(Saved data entries)
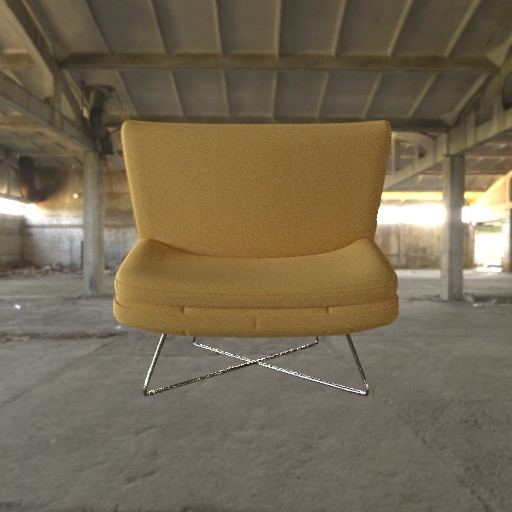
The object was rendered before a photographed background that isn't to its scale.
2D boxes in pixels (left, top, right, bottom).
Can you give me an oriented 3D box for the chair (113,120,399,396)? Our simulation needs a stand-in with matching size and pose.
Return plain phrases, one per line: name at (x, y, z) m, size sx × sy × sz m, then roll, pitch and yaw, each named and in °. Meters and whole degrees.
chair at (0.000, 0.000, 1.628) m, size 0.859 × 0.855 × 1.008 m, roll 0°, pitch 1°, yaw 0°
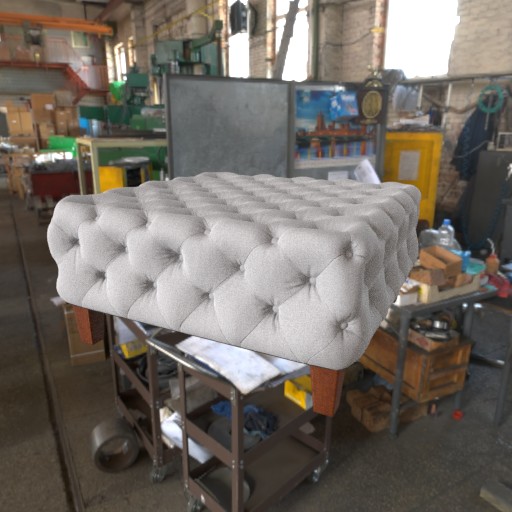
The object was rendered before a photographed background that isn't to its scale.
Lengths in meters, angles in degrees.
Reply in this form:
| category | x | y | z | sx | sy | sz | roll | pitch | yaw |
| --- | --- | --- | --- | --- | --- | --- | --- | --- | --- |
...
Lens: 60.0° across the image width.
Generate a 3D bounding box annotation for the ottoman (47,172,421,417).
| category | x | y | z | sx | sy | sz | roll | pitch | yaw |
| --- | --- | --- | --- | --- | --- | --- | --- | --- | --- |
| ottoman | 0.000 | 0.000 | 1.201 | 0.764 | 0.365 | 0.758 | 8 | 19 | 26 |
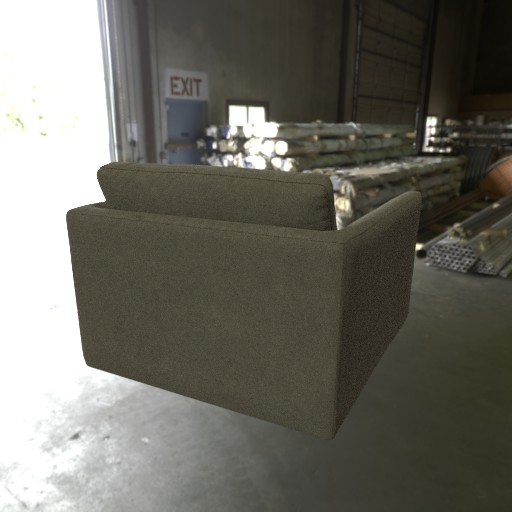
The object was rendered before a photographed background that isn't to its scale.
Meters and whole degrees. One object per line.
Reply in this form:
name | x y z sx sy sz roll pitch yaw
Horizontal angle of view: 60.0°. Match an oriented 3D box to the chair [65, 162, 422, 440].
chair | 0.000 0.000 1.903 1.190 0.845 1.091 8 18 25
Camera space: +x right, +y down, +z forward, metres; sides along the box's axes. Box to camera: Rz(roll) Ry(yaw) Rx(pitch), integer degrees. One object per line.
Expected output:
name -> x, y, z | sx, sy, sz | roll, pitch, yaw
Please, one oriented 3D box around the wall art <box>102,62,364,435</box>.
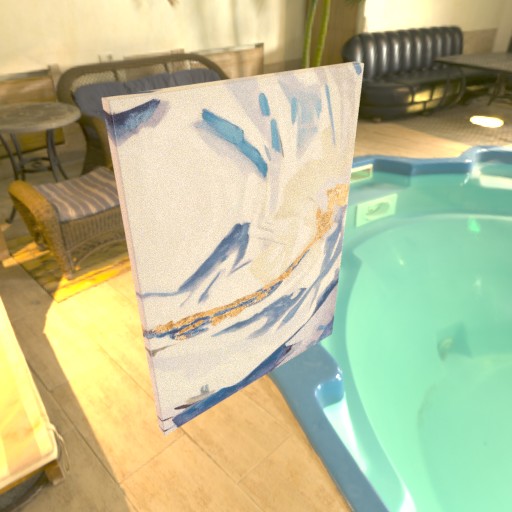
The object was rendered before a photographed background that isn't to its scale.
wall art -> 0.000, 0.000, 1.336 | 0.761, 1.015, 0.038 | -23, 38, -32
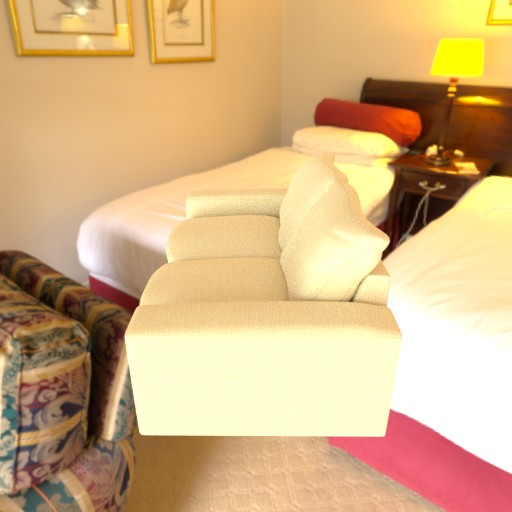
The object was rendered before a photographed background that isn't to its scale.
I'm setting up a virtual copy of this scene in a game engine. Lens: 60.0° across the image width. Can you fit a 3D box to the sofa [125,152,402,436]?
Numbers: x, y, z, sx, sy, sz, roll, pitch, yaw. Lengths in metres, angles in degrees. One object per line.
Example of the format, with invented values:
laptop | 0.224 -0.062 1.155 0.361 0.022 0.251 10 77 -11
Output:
sofa | 0.000 0.000 2.447 1.091 0.875 1.754 0 26 0
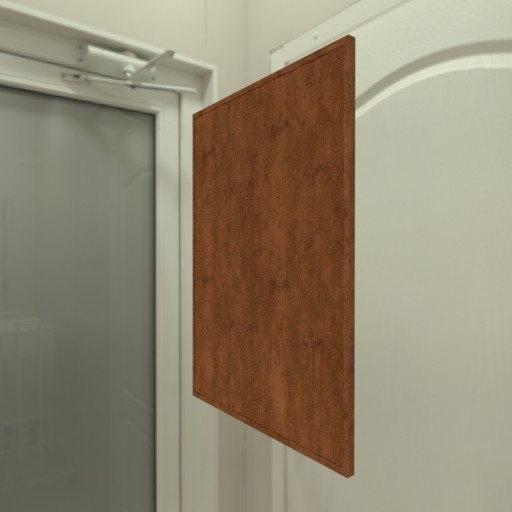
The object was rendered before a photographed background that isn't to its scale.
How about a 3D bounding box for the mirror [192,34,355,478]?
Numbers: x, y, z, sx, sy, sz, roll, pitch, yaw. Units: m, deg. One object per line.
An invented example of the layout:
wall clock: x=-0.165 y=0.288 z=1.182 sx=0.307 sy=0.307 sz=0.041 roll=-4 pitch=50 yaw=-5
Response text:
mirror: x=0.000 y=0.000 z=1.421 sx=0.028 sy=1.099 sz=0.796 roll=0 pitch=0 yaw=-37

• YOUR TASK: Your response must consist of the lines from the beginning of the data through the line containing "Please, one oriented", transcribed exactly, with no pictures.

• ANSWER TO THE EXERCISE:
The object was rendered before a photographed background that isn't to its scale.
2D boxes in pixels (left, top, right, bottom).
Can you give me an oriented 3D box for the chair (113,120,399,396)? Our simulation needs a stand-in with matching size and pose.
Return plain phrases, one per line: name at (x, y, z) m, size sx × sy × sz m, then roll, pitch and yaw, each named and in °. Meters and whole degrees.
chair at (0.000, 0.000, 1.628) m, size 0.859 × 0.855 × 1.008 m, roll 0°, pitch 1°, yaw 0°
The object was rendered before a photographed background that isn't to its scale.
Lengths in meters, angles in degrees.
Reply in this form:
| category | x | y | z | sx | sy | sz | roll | pitch | yaw |
| --- | --- | --- | --- | --- | --- | --- | --- | --- | --- |
...
Lens: 60.0° across the image width.
Generate a 3D bounding box annotation for the ottoman (47,172,421,417).
| category | x | y | z | sx | sy | sz | roll | pitch | yaw |
| --- | --- | --- | --- | --- | --- | --- | --- | --- | --- |
| ottoman | 0.000 | 0.000 | 1.201 | 0.764 | 0.365 | 0.758 | 8 | 19 | 26 |
The object was rendered before a photographed background that isn't to its scale.
Meters and whole degrees. One object per line.
Reply in this form:
name | x y z sx sy sz roll pitch yaw
Horizontal angle of view: 60.0°. Match an oriented 3D box to the chair [65, 162, 422, 440].
chair | 0.000 0.000 1.903 1.190 0.845 1.091 8 18 25
Camera space: +x right, +y down, +z forward, metres; sides along the box's axes. Box to camera: Rz(roll) Ry(yaw) Rx(pitch), integer degrees. One object per line.
Expected output:
name -> x, y, z | sx, sy, sz | roll, pitch, yaw
Please, one oriented 3D box around the wall art <box>102,62,364,435</box>.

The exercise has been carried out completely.